EC2 is great because it allowed us to upload a custom disk image configured to have exactly the software configuration we need. So, when the number of users starts increasing, we can turn on more instances and configure them to share the load. The details make this much more complex, of course, since the application itself needs to be built in a way that makes such scalability possible. However, the ease and flexibility of having custom images ready and waiting to be turned on when needed is a huge plus.
However, there are two big downsides to using EC2.

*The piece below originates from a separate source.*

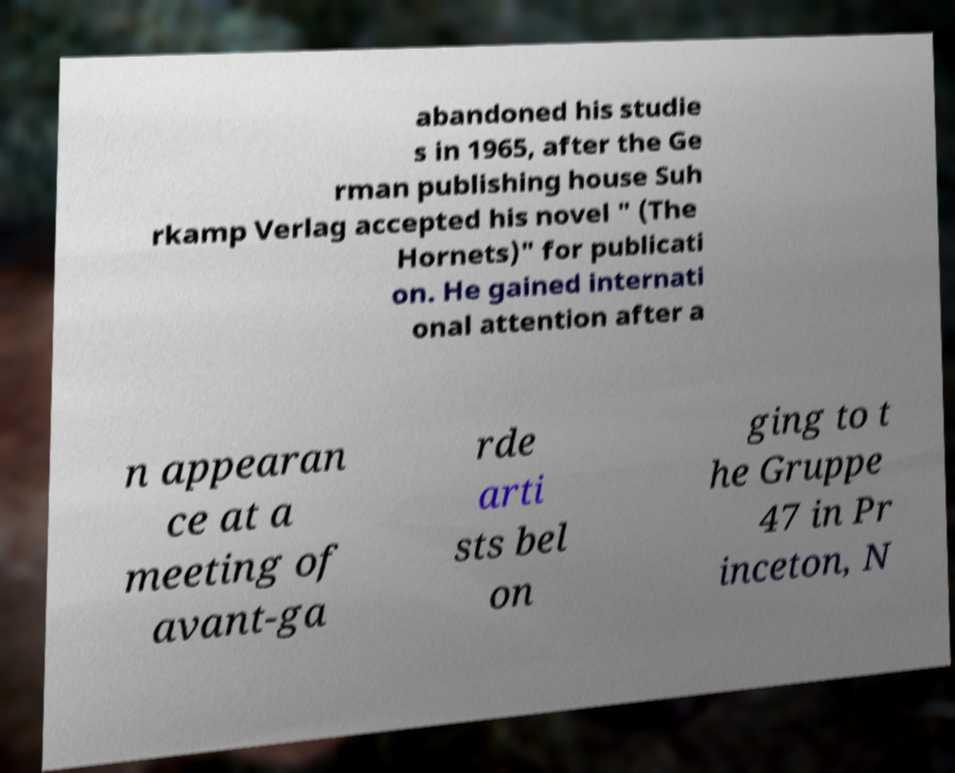Can you accurately transcribe the text from the provided image for me? abandoned his studie s in 1965, after the Ge rman publishing house Suh rkamp Verlag accepted his novel " (The Hornets)" for publicati on. He gained internati onal attention after a n appearan ce at a meeting of avant-ga rde arti sts bel on ging to t he Gruppe 47 in Pr inceton, N

First is that the instances have no permanent storage. Each instance offers 150 GB of local storage, but it’s tied to that particular instance. When the instance is shut down (or crashes), it goes away. Storing data on S3 helps, but S3 uses block oriented storage that’s pretty different from a typical file system, making it difficult to simply treat it as an infinitely sized NFS mount.
Second is that the IP address assigned to the instance isn’t permanent. This leads to a similar problem: if anything references that IP address (either through DNS or any other third party service) and the instances goes down, those references will be broken. (Update 4/3/08: Cool! Amazon fixed this, now it’s possible to reserve a static block of IPs and dynamically assign them to instances.
We solved the first of these problems by implementing an aggressive backup strategy using S3. S3 is effectively an infinitely large storage space with all the replication and high availability features that Amazon’s own web site is built on. In the future the “correct” answer may well be to go with Amazon’s simple DB service. It’s currently in closed beta though, and the model it’s built around isn’t ideal for real-time updates, since there’s a lag between when a request is made to store data and when the request is actually performed.
Frequently changing DNS addresses are common enough to have a standard solution: dynamic DNS.
The second problem, of impermanent IP addresses, is much more straightforward. Frequently changing DNS addresses are common enough to have a standard solution: dynamic DNS.
This application highlights the evolution of web apps as both the underlying infrastructures become simultaneously commoditized and far more customizable, and as individual sites like Facebook begin offering APIs, making them into their own proprietary platforms.